_YOUR INSTRUCTIONS_
The full set of entries must be copied exactly.

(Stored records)
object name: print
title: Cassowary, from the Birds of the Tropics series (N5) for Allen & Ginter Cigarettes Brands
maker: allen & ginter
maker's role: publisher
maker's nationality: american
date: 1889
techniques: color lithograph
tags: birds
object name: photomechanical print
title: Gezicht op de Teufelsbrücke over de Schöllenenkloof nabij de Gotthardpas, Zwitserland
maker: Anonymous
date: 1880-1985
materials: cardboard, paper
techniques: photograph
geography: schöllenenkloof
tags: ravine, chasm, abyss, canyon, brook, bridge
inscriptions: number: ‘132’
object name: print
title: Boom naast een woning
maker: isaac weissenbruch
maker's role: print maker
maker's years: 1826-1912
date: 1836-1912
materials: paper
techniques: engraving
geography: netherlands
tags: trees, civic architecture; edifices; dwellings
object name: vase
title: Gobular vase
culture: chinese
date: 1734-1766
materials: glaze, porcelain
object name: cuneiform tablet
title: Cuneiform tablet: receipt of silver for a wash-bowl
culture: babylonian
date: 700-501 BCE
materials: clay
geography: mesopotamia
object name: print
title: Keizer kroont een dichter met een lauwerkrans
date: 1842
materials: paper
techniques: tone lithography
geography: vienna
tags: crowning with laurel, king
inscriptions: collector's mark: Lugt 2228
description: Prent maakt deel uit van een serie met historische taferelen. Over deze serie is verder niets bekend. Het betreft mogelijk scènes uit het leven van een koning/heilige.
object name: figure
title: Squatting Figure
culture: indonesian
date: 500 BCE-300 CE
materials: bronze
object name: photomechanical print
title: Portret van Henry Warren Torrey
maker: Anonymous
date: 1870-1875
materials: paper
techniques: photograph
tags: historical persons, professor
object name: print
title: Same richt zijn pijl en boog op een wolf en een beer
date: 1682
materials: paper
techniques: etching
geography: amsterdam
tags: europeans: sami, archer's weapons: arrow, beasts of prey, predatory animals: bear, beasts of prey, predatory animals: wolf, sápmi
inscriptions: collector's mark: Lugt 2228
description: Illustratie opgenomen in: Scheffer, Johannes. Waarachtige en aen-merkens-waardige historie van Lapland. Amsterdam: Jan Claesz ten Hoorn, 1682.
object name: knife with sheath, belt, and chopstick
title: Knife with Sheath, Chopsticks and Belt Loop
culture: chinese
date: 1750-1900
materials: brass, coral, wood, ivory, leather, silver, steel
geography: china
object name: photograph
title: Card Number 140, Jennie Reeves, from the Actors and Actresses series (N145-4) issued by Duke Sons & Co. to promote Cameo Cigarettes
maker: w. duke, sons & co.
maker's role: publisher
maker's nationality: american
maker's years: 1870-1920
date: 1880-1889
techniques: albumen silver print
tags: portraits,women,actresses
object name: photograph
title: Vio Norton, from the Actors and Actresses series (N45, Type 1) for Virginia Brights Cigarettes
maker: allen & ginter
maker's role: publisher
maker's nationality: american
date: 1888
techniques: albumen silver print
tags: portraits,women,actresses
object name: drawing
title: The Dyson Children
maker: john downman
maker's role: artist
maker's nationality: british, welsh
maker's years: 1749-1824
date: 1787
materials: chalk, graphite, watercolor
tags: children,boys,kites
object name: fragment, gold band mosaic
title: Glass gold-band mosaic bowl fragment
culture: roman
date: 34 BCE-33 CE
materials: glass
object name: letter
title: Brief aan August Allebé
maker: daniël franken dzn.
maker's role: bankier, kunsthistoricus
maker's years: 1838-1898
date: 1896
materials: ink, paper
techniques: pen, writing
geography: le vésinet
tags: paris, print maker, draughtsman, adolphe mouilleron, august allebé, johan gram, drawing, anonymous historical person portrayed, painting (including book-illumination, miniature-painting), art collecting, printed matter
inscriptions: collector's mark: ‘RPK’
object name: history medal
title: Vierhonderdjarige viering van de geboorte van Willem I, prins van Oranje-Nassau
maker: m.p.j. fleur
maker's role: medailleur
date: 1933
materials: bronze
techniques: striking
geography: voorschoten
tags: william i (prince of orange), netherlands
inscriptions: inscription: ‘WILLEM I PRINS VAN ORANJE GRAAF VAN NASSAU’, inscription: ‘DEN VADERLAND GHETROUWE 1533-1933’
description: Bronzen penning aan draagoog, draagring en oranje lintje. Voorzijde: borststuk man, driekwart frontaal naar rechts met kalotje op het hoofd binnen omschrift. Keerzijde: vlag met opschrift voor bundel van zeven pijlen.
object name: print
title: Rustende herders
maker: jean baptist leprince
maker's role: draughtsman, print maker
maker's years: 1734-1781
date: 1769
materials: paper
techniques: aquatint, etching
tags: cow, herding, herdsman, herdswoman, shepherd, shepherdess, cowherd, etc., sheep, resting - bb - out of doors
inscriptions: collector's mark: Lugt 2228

_ANSWER SECTION_
object name: print
title: Cassowary, from the Birds of the Tropics series (N5) for Allen & Ginter Cigarettes Brands
maker: allen & ginter
maker's role: publisher
maker's nationality: american
date: 1889
techniques: color lithograph
tags: birds
object name: photomechanical print
title: Gezicht op de Teufelsbrücke over de Schöllenenkloof nabij de Gotthardpas, Zwitserland
maker: Anonymous
date: 1880-1985
materials: cardboard, paper
techniques: photograph
geography: schöllenenkloof
tags: ravine, chasm, abyss, canyon, brook, bridge
inscriptions: number: ‘132’
object name: print
title: Boom naast een woning
maker: isaac weissenbruch
maker's role: print maker
maker's years: 1826-1912
date: 1836-1912
materials: paper
techniques: engraving
geography: netherlands
tags: trees, civic architecture; edifices; dwellings
object name: vase
title: Gobular vase
culture: chinese
date: 1734-1766
materials: glaze, porcelain
object name: cuneiform tablet
title: Cuneiform tablet: receipt of silver for a wash-bowl
culture: babylonian
date: 700-501 BCE
materials: clay
geography: mesopotamia
object name: print
title: Keizer kroont een dichter met een lauwerkrans
date: 1842
materials: paper
techniques: tone lithography
geography: vienna
tags: crowning with laurel, king
inscriptions: collector's mark: Lugt 2228
description: Prent maakt deel uit van een serie met historische taferelen. Over deze serie is verder niets bekend. Het betreft mogelijk scènes uit het leven van een koning/heilige.
object name: figure
title: Squatting Figure
culture: indonesian
date: 500 BCE-300 CE
materials: bronze
object name: photomechanical print
title: Portret van Henry Warren Torrey
maker: Anonymous
date: 1870-1875
materials: paper
techniques: photograph
tags: historical persons, professor
object name: print
title: Same richt zijn pijl en boog op een wolf en een beer
date: 1682
materials: paper
techniques: etching
geography: amsterdam
tags: europeans: sami, archer's weapons: arrow, beasts of prey, predatory animals: bear, beasts of prey, predatory animals: wolf, sápmi
inscriptions: collector's mark: Lugt 2228
description: Illustratie opgenomen in: Scheffer, Johannes. Waarachtige en aen-merkens-waardige historie van Lapland. Amsterdam: Jan Claesz ten Hoorn, 1682.
object name: knife with sheath, belt, and chopstick
title: Knife with Sheath, Chopsticks and Belt Loop
culture: chinese
date: 1750-1900
materials: brass, coral, wood, ivory, leather, silver, steel
geography: china
object name: photograph
title: Card Number 140, Jennie Reeves, from the Actors and Actresses series (N145-4) issued by Duke Sons & Co. to promote Cameo Cigarettes
maker: w. duke, sons & co.
maker's role: publisher
maker's nationality: american
maker's years: 1870-1920
date: 1880-1889
techniques: albumen silver print
tags: portraits,women,actresses
object name: photograph
title: Vio Norton, from the Actors and Actresses series (N45, Type 1) for Virginia Brights Cigarettes
maker: allen & ginter
maker's role: publisher
maker's nationality: american
date: 1888
techniques: albumen silver print
tags: portraits,women,actresses
object name: drawing
title: The Dyson Children
maker: john downman
maker's role: artist
maker's nationality: british, welsh
maker's years: 1749-1824
date: 1787
materials: chalk, graphite, watercolor
tags: children,boys,kites
object name: fragment, gold band mosaic
title: Glass gold-band mosaic bowl fragment
culture: roman
date: 34 BCE-33 CE
materials: glass
object name: letter
title: Brief aan August Allebé
maker: daniël franken dzn.
maker's role: bankier, kunsthistoricus
maker's years: 1838-1898
date: 1896
materials: ink, paper
techniques: pen, writing
geography: le vésinet
tags: paris, print maker, draughtsman, adolphe mouilleron, august allebé, johan gram, drawing, anonymous historical person portrayed, painting (including book-illumination, miniature-painting), art collecting, printed matter
inscriptions: collector's mark: ‘RPK’
object name: history medal
title: Vierhonderdjarige viering van de geboorte van Willem I, prins van Oranje-Nassau
maker: m.p.j. fleur
maker's role: medailleur
date: 1933
materials: bronze
techniques: striking
geography: voorschoten
tags: william i (prince of orange), netherlands
inscriptions: inscription: ‘WILLEM I PRINS VAN ORANJE GRAAF VAN NASSAU’, inscription: ‘DEN VADERLAND GHETROUWE 1533-1933’
description: Bronzen penning aan draagoog, draagring en oranje lintje. Voorzijde: borststuk man, driekwart frontaal naar rechts met kalotje op het hoofd binnen omschrift. Keerzijde: vlag met opschrift voor bundel van zeven pijlen.
object name: print
title: Rustende herders
maker: jean baptist leprince
maker's role: draughtsman, print maker
maker's years: 1734-1781
date: 1769
materials: paper
techniques: aquatint, etching
tags: cow, herding, herdsman, herdswoman, shepherd, shepherdess, cowherd, etc., sheep, resting - bb - out of doors
inscriptions: collector's mark: Lugt 2228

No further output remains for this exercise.